TASK PROMPT
Every record below, from first to last, should be copied exactly; leave the pictures out.

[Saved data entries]

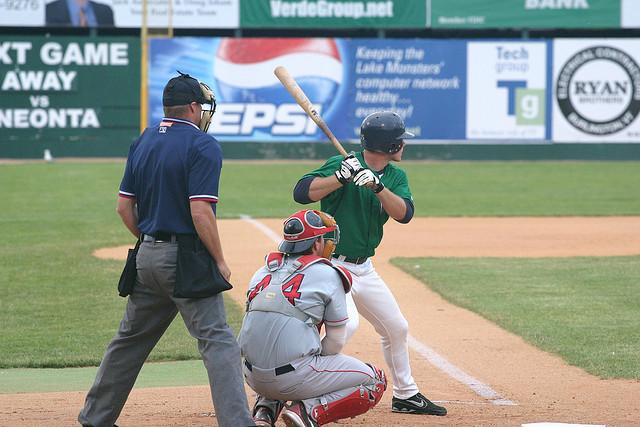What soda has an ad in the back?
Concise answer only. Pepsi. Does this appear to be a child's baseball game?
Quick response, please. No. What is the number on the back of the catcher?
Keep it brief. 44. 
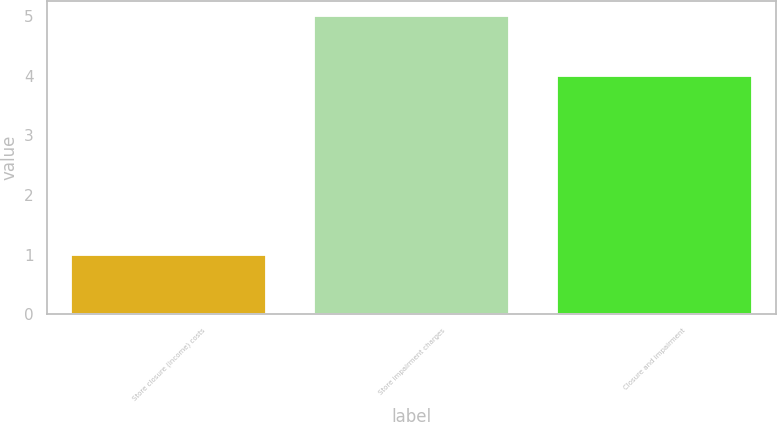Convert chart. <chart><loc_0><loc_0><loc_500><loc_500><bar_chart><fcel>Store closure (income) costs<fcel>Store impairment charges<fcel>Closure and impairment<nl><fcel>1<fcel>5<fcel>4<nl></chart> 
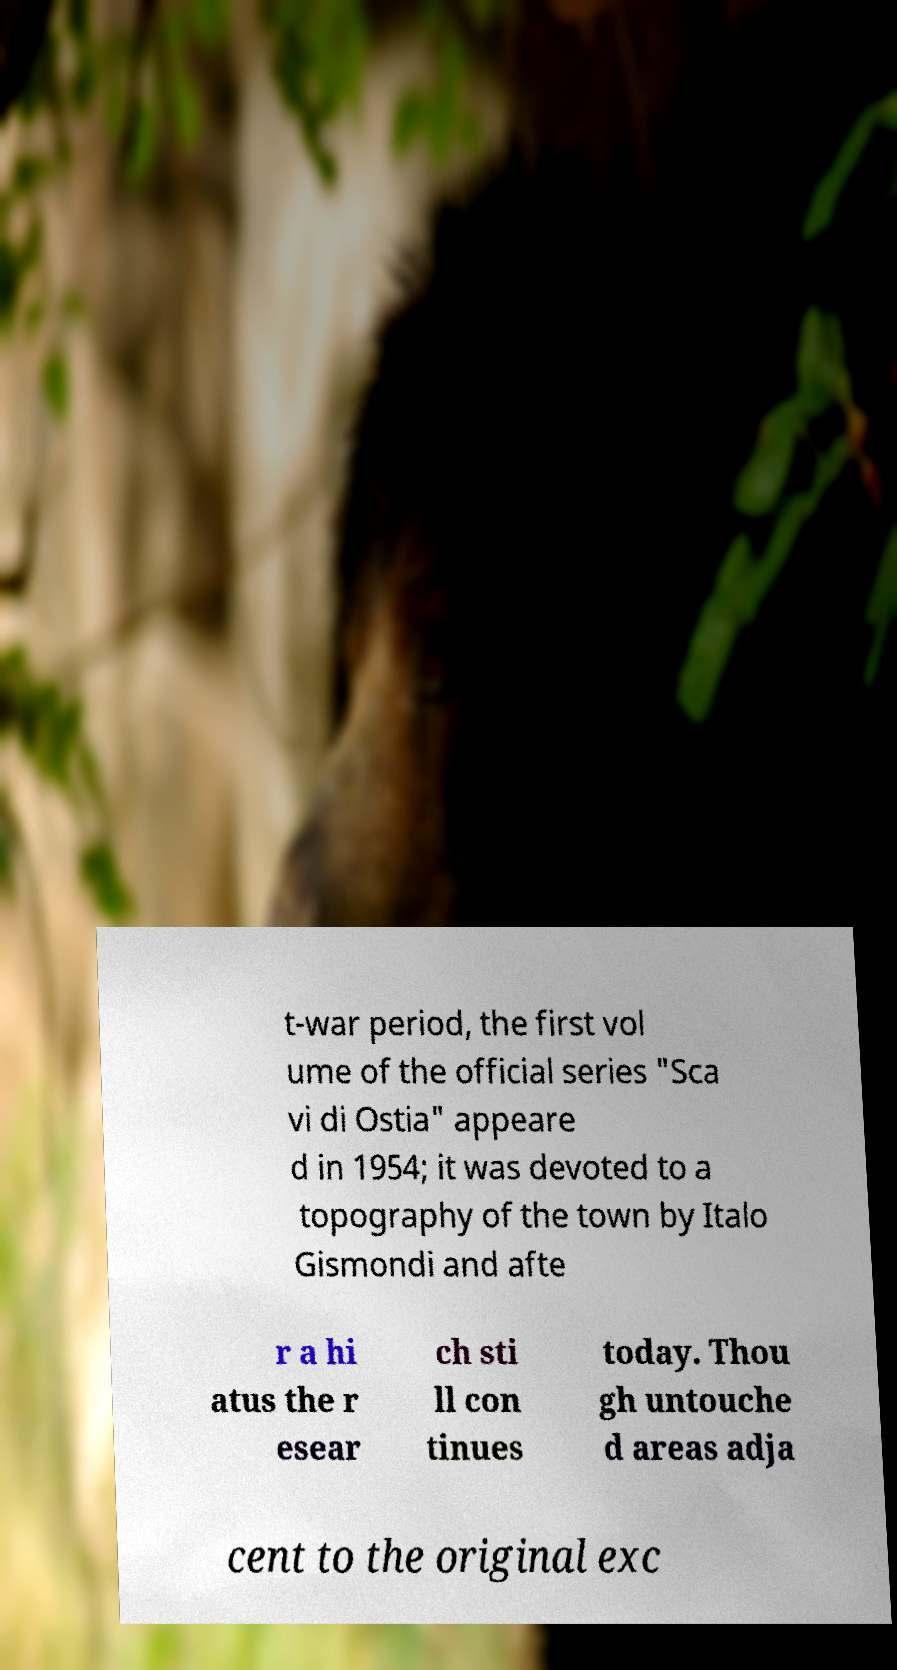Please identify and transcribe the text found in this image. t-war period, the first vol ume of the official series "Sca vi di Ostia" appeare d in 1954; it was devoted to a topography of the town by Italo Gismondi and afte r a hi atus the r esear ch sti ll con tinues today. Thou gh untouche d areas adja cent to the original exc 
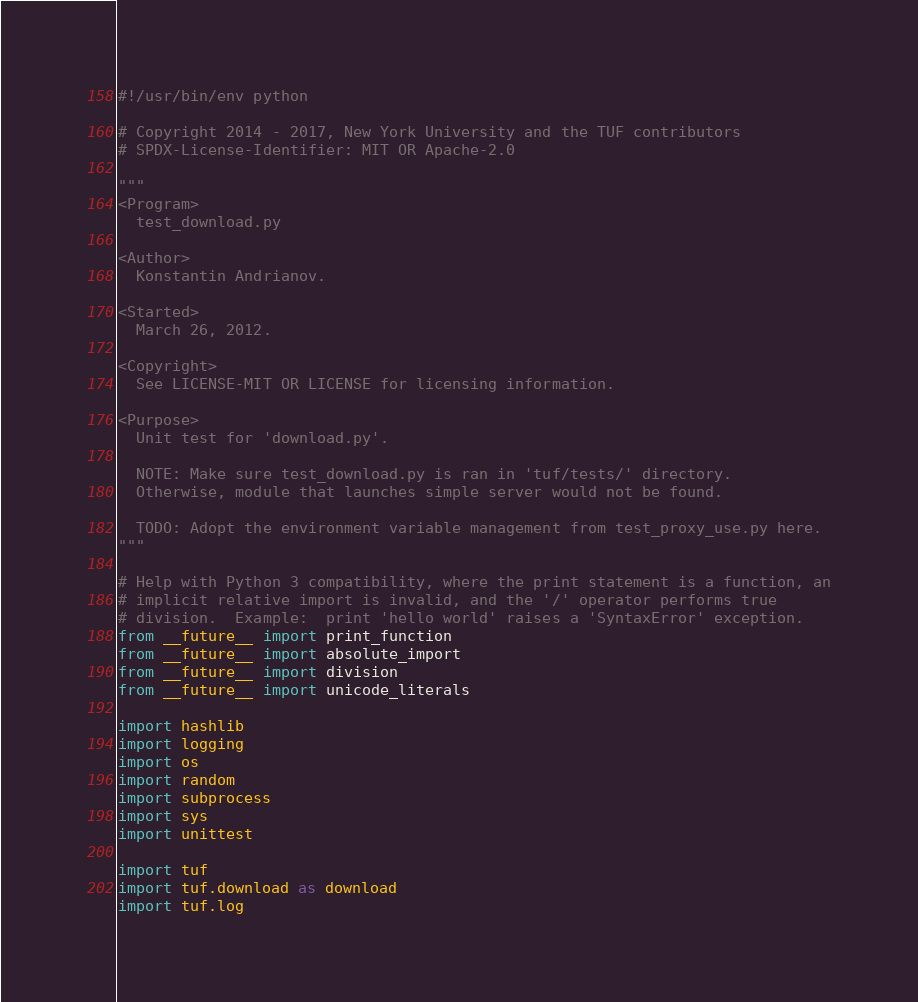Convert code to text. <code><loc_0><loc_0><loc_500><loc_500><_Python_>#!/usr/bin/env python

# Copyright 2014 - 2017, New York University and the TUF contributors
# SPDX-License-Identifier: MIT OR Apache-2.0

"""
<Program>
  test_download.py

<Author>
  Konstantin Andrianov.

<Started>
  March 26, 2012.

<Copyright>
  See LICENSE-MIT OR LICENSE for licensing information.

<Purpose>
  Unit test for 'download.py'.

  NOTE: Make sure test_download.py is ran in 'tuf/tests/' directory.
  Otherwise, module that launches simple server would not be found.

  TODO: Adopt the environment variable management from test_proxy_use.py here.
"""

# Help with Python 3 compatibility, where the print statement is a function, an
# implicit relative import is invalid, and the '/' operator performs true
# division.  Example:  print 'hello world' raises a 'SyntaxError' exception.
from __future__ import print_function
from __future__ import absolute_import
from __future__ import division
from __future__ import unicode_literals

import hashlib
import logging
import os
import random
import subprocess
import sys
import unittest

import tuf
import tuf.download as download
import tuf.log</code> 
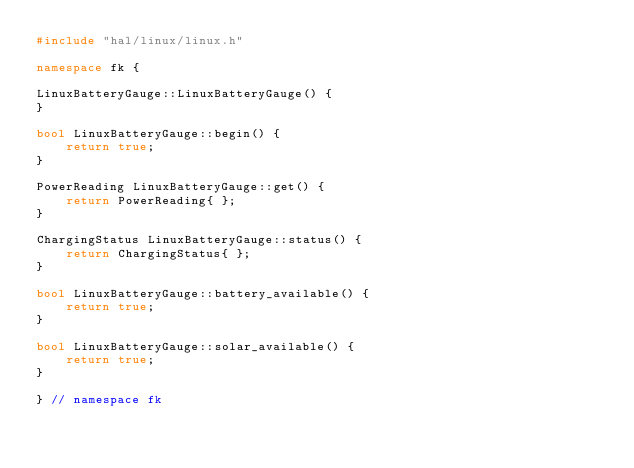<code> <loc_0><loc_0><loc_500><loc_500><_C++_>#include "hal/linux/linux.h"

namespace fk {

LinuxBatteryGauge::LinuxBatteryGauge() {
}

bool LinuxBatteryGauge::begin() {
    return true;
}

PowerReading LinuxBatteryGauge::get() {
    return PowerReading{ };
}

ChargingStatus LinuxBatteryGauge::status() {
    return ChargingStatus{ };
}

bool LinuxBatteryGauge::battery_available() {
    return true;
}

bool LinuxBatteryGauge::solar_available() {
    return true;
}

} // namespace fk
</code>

ANSWER
What soda has an ad in the back?
Concise answer only. Pepsi. Does this appear to be a child's baseball game?
Quick response, please. No. What is the number on the back of the catcher?
Keep it brief. 44. 
Convert chart. <chart><loc_0><loc_0><loc_500><loc_500><bar_chart><fcel>Store closure (income) costs<fcel>Store impairment charges<fcel>Closure and impairment<nl><fcel>1<fcel>5<fcel>4<nl></chart> 
Please identify and transcribe the text found in this image. t-war period, the first vol ume of the official series "Sca vi di Ostia" appeare d in 1954; it was devoted to a topography of the town by Italo Gismondi and afte r a hi atus the r esear ch sti ll con tinues today. Thou gh untouche d areas adja cent to the original exc 
Convert code to text. <code><loc_0><loc_0><loc_500><loc_500><_Python_>#!/usr/bin/env python

# Copyright 2014 - 2017, New York University and the TUF contributors
# SPDX-License-Identifier: MIT OR Apache-2.0

"""
<Program>
  test_download.py

<Author>
  Konstantin Andrianov.

<Started>
  March 26, 2012.

<Copyright>
  See LICENSE-MIT OR LICENSE for licensing information.

<Purpose>
  Unit test for 'download.py'.

  NOTE: Make sure test_download.py is ran in 'tuf/tests/' directory.
  Otherwise, module that launches simple server would not be found.

  TODO: Adopt the environment variable management from test_proxy_use.py here.
"""

# Help with Python 3 compatibility, where the print statement is a function, an
# implicit relative import is invalid, and the '/' operator performs true
# division.  Example:  print 'hello world' raises a 'SyntaxError' exception.
from __future__ import print_function
from __future__ import absolute_import
from __future__ import division
from __future__ import unicode_literals

import hashlib
import logging
import os
import random
import subprocess
import sys
import unittest

import tuf
import tuf.download as download
import tuf.log</code> 
<code> <loc_0><loc_0><loc_500><loc_500><_C++_>#include "hal/linux/linux.h"

namespace fk {

LinuxBatteryGauge::LinuxBatteryGauge() {
}

bool LinuxBatteryGauge::begin() {
    return true;
}

PowerReading LinuxBatteryGauge::get() {
    return PowerReading{ };
}

ChargingStatus LinuxBatteryGauge::status() {
    return ChargingStatus{ };
}

bool LinuxBatteryGauge::battery_available() {
    return true;
}

bool LinuxBatteryGauge::solar_available() {
    return true;
}

} // namespace fk
</code>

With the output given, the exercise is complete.